> **Items from a data source**
=== Section Start ===
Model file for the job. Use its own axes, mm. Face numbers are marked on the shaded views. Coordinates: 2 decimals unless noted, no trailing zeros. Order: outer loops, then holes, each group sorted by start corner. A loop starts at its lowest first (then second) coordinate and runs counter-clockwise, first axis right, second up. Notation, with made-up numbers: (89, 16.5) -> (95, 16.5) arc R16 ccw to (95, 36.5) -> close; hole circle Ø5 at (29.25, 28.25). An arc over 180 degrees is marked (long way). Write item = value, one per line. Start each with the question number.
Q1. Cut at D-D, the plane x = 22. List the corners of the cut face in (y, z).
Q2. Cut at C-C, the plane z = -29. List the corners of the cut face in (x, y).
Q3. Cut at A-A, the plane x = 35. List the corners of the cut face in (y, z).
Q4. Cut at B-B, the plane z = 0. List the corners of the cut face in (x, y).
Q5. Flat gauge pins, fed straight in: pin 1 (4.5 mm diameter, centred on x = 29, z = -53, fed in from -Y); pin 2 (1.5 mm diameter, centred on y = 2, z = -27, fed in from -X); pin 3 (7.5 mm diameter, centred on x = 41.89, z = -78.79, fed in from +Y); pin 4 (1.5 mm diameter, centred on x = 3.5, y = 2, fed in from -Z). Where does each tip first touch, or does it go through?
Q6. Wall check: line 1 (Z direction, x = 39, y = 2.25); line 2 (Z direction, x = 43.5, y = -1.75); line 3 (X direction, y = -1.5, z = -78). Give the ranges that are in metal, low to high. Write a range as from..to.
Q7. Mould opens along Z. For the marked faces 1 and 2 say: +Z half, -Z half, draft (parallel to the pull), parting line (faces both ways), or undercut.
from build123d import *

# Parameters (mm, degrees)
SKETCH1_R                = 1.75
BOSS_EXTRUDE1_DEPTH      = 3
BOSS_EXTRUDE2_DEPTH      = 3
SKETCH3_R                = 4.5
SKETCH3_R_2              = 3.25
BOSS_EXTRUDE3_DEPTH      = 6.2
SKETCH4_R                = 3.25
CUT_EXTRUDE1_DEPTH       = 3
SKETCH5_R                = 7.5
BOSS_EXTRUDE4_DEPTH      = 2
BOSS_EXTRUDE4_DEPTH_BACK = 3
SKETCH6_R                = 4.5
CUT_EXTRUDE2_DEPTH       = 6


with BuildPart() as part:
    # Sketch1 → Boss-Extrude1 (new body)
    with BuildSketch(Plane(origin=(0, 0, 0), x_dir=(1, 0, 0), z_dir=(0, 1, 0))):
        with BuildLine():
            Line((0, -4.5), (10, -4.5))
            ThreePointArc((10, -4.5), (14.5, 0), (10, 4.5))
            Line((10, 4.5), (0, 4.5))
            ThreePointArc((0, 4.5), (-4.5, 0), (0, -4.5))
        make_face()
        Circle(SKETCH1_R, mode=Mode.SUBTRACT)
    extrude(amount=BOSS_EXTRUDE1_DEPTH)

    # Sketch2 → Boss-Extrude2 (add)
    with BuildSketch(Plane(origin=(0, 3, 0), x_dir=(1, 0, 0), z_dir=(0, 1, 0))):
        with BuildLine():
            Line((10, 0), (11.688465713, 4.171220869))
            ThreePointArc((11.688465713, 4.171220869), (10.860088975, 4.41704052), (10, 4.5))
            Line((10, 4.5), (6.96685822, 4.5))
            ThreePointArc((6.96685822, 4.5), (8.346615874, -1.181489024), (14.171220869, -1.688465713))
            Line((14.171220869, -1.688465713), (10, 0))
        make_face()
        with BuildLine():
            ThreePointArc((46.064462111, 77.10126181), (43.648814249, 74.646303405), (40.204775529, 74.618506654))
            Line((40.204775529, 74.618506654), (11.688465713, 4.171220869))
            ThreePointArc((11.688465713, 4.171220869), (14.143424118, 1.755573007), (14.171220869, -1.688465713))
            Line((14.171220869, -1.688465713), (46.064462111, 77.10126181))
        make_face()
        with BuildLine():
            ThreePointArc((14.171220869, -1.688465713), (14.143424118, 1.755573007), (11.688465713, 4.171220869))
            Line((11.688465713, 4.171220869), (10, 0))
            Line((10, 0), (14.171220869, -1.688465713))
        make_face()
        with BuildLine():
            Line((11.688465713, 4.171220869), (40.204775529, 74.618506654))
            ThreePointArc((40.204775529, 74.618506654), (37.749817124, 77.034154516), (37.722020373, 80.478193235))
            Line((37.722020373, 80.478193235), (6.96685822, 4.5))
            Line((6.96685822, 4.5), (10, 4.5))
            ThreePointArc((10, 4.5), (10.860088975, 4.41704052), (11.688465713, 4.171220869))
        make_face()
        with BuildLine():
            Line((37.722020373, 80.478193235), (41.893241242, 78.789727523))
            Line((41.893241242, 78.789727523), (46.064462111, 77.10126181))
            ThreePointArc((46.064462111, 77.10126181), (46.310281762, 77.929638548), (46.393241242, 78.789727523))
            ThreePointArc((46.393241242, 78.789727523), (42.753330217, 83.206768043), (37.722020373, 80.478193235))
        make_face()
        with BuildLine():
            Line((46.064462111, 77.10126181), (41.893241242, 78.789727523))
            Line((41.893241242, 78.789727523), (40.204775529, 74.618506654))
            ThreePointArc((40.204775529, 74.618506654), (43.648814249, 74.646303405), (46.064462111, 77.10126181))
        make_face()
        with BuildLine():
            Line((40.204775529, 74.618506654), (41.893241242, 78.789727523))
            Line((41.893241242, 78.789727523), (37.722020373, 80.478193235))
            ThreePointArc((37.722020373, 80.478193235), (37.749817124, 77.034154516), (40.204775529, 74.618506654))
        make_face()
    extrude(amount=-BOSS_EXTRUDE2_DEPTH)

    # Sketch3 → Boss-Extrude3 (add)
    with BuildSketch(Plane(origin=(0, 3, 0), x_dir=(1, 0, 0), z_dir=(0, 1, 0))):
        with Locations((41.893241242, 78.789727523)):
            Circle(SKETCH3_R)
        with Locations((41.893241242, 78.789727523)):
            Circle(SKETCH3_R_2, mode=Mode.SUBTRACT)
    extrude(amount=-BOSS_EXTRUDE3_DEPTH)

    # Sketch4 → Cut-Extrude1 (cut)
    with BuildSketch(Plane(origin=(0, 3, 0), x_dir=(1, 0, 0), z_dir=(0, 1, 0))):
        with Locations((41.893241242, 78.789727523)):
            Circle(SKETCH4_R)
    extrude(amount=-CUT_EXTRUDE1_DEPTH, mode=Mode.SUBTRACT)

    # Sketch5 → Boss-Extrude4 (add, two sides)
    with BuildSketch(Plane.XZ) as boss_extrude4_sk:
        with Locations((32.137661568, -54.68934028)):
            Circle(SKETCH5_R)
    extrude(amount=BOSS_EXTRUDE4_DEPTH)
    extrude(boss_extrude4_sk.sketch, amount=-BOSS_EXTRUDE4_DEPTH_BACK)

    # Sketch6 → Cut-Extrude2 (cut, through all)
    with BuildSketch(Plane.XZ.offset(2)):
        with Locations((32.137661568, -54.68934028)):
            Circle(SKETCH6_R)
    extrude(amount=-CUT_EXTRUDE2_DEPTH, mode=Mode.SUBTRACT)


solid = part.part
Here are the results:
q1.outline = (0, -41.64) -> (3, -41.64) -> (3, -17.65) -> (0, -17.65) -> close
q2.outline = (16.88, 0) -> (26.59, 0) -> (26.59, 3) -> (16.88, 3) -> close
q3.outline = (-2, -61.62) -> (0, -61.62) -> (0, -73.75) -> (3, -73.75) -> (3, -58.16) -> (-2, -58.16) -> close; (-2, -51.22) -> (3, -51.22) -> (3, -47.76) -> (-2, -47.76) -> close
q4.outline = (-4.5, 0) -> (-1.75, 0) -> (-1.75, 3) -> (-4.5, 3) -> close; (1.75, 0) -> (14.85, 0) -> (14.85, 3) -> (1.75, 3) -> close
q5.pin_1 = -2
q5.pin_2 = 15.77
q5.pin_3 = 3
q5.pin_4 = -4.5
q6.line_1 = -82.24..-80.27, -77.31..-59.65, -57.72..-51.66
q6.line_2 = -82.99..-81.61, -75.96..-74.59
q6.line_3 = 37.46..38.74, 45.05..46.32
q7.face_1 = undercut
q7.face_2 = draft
=== Section End ===
=== Section Start ===
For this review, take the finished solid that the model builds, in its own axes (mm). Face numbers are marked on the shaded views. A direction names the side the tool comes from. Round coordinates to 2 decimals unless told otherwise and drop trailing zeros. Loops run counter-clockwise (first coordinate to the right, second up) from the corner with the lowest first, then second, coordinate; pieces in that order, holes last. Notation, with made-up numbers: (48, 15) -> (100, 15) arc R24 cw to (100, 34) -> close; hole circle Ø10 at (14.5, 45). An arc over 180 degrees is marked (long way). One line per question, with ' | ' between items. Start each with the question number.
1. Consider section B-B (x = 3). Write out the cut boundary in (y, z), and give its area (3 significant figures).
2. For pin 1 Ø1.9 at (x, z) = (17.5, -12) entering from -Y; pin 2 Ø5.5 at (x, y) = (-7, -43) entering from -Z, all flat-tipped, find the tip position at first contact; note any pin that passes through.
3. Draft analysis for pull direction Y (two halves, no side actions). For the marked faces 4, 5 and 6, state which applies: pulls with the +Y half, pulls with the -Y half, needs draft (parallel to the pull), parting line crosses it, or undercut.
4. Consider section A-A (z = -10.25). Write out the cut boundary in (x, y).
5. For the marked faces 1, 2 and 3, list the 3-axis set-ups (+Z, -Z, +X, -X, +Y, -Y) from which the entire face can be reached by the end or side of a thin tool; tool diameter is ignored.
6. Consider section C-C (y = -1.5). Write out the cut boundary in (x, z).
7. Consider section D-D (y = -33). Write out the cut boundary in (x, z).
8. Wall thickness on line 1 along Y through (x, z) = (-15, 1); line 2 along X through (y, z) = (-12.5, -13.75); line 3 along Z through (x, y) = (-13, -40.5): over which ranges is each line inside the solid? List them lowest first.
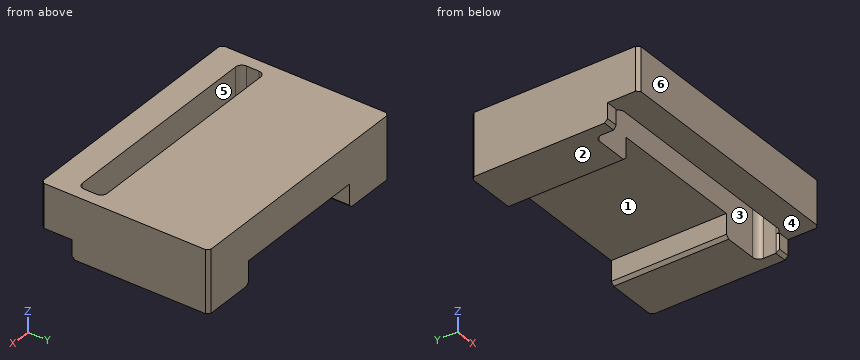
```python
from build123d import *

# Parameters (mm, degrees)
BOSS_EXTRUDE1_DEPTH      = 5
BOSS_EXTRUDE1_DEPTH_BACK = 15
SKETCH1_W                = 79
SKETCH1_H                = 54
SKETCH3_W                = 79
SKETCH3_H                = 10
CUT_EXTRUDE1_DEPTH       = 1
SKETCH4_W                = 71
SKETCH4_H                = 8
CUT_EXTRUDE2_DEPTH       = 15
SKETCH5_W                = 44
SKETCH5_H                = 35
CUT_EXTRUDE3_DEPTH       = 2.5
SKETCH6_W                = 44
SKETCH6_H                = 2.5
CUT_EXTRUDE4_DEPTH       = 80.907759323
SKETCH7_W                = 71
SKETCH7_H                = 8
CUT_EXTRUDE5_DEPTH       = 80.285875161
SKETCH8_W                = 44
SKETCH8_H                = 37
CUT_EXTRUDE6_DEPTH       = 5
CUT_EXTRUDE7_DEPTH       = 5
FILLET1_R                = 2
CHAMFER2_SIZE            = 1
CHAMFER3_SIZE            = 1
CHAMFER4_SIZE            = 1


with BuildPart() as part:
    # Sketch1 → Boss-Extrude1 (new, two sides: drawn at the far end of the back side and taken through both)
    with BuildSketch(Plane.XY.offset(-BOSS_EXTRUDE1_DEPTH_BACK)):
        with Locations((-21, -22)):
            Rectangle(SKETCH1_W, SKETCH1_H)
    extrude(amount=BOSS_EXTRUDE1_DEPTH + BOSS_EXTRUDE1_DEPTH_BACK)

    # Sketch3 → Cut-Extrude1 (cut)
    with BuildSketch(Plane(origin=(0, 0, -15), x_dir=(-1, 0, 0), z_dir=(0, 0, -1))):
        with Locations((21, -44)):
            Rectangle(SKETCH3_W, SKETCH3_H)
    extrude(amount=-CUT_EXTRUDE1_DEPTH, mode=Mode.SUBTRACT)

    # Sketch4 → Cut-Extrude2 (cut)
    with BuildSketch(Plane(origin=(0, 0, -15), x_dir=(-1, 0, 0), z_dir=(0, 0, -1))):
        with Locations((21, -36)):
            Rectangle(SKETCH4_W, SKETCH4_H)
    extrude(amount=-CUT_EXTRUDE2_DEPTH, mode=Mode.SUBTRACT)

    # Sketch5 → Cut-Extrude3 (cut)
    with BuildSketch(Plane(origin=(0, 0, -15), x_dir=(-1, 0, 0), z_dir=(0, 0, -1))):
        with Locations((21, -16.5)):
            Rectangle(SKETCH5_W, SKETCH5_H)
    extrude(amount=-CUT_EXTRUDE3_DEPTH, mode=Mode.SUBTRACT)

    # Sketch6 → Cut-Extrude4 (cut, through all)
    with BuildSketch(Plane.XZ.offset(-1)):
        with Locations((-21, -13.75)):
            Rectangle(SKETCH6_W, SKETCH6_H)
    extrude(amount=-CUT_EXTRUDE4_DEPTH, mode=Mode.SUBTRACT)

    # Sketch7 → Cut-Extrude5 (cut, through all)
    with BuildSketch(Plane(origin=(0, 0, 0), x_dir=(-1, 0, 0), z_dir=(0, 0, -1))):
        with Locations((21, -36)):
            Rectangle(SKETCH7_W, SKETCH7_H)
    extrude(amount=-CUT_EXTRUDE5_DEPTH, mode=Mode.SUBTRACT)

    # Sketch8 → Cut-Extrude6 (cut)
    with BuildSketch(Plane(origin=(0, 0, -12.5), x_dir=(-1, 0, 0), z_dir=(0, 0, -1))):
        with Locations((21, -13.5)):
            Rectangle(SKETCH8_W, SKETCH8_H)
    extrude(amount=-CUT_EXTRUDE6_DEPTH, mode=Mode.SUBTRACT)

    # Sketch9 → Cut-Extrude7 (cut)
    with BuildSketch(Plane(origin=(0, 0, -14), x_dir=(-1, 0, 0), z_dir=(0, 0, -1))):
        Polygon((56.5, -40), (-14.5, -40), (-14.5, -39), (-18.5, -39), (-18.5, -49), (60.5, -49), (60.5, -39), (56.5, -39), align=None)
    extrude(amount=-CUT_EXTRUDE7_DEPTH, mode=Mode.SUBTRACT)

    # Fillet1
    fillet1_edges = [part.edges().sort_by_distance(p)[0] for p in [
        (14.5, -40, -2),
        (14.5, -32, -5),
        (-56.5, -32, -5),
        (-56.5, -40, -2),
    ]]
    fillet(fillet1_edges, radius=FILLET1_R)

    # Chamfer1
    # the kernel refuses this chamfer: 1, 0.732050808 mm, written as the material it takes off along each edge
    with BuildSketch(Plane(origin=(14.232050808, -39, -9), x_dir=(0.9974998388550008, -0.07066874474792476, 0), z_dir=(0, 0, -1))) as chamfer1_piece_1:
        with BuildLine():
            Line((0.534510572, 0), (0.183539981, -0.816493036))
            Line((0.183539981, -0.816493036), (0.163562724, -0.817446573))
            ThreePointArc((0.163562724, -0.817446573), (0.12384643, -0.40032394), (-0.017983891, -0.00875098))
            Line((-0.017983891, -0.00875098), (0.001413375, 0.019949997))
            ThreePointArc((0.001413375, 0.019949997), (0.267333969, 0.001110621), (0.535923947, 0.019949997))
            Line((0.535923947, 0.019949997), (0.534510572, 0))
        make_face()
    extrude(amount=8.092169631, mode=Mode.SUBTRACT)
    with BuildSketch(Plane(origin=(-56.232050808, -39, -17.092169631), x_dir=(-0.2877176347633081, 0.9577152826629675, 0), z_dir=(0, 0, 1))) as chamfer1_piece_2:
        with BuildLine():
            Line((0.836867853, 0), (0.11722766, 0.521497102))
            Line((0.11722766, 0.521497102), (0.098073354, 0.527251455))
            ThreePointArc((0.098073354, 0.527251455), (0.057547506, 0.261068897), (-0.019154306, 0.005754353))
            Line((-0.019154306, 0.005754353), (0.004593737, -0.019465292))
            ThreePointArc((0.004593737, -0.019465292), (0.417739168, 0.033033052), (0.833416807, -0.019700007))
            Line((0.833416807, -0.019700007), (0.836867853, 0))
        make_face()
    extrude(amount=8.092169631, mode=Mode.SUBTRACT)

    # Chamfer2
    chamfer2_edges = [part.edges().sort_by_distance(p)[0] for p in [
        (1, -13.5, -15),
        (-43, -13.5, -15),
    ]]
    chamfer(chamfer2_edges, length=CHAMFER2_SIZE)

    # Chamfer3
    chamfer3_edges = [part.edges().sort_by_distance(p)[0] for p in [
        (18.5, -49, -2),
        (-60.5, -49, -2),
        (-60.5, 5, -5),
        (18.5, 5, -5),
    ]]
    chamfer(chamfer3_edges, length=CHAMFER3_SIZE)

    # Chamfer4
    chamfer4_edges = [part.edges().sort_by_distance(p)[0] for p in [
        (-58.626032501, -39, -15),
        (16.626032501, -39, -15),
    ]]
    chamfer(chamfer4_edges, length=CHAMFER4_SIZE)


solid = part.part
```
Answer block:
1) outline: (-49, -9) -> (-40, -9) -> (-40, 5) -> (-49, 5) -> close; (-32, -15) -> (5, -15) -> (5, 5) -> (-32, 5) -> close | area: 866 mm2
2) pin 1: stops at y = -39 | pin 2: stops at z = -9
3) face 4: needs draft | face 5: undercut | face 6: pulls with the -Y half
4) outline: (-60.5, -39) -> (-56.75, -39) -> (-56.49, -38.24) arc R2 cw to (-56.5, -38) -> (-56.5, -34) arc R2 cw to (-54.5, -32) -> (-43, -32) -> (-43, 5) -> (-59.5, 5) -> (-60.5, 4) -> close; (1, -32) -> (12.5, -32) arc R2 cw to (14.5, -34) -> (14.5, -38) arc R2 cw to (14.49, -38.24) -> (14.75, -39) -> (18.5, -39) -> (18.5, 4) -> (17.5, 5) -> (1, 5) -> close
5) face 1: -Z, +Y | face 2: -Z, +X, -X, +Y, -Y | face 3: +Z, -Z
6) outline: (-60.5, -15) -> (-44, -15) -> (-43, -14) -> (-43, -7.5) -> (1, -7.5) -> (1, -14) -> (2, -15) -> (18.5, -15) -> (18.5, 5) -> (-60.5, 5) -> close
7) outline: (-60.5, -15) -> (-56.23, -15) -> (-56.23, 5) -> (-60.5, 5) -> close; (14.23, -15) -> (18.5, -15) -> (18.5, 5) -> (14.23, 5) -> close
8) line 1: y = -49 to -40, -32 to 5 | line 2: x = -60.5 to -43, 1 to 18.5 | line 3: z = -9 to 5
=== Section End ===
> **Task goal**
Report how many lines in the data include the string "numbers", giving nothing but that number.

> **Answer to this problem**
2